Given numbers $\ell_{ij}\in\Bbb R^+$ with $i,j=1,...,n$ but $i\not= j$. Are there any nice criteria for testing whether there exists an $(n-1)$-dimensional simplex with these $\ell_{ij}$ as side length? More precisely: when do exist points $p_1,...,p_n\in\Bbb R^{n-1}$ so that
$$\|p_i-p_j\|=\ell_{ij},\quad \text{for all $i,j=1,...,n$ but $i\not=j$}.$$
Moreover, when is this simplex non-degenerate, i.e. full-dimensional.
Some thoughts
- It is trivial for $n=1,2$.
- For $n=3$ we only have to test the triangle inequalities $\ell_{12}\le \ell_{23}+\ell_{31}$ (and all permutations).
- For $n\ge 4$ it does not suffice to test realizability of all triangle faces, e.g. take $\ell_{12}=\ell_{23}=\ell_{31}=1$ and sufficiently large $\ell_{14}=\ell_{24}=\ell_{34}<1/\sqrt{3}$. All triangles are realizable, but the $3$-simplex is not.
- I might remember that there was some criterion in terms of positive-semidefinite matrices. But I am not sure and I do not remember any search terms.
Construct a matrix A with elements $a_{ij} = \tfrac12 (l_{1,i+1}^2 + l_{1, j+1}^2 - l_{i+1, j+1}^2)$ for $i, j \in \{1, \ldots, n-1\}$. Then the points $p_1, \ldots, p_n \in \mathbb R^{n-1}$ exist such that
$\|p_i - p_j\| = l_{ij}$ for all $i, j = 1, \ldots, n$ but $i \ne j$
if and only if $A$ is positive semidefinite.
Indeed, if such points exist, then $a_{ij} = (p_{i+1} - p_1)^T(p_{j+1} - p_1)$, so $A$ is a matrix of the form $X^T X$ which is positive semidefinite.
In the other direction, for any positive semidefinite matrix $A$ there exist vectors $x_i$ such that $a_{ij} = x_i^Tx_j$. Since there are $n-1$ vectors in total, we can make then at most $(n-1)$-dimensional, by choosing some orthonormal basis in the vector space spanned by these vectors. Now choose a random point $p_1 \in \mathbb R^{n-1}$ and set $p_{i+1} = p_1 + x_i$ for $i = 1, \ldots, n-1$. Easy to check that the distances between $p_i$ will be as required.
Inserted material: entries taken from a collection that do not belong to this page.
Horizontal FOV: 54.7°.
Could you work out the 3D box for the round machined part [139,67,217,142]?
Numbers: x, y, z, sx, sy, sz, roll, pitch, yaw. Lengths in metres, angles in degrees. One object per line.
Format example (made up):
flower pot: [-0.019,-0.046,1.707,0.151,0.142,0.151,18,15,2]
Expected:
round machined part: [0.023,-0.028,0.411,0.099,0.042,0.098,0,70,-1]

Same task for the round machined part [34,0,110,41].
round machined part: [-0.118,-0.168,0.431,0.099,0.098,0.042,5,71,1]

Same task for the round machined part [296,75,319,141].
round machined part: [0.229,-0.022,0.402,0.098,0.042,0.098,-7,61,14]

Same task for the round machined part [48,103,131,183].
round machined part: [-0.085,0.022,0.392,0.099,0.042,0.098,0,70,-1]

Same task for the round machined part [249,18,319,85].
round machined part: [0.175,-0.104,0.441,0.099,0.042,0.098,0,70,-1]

So, we just need to check if $A$ is positive semidefinite, which can be done by the Sylvester criterion: check if the determinant of any $k\times k$ minor is nonnegative. For example, for $n = 3$, after some simplification we get the inequality $$ (l_{13} + l_{23} - l_{12}) (l_{23} + l_{12} - l_{13})(l_{12} + l_{13} - l_{23}) (l_{13} + l_{23} + l_{12}) \ge 0 $$ which for nonnegative $l$ is equivalent to the triangle inequalities.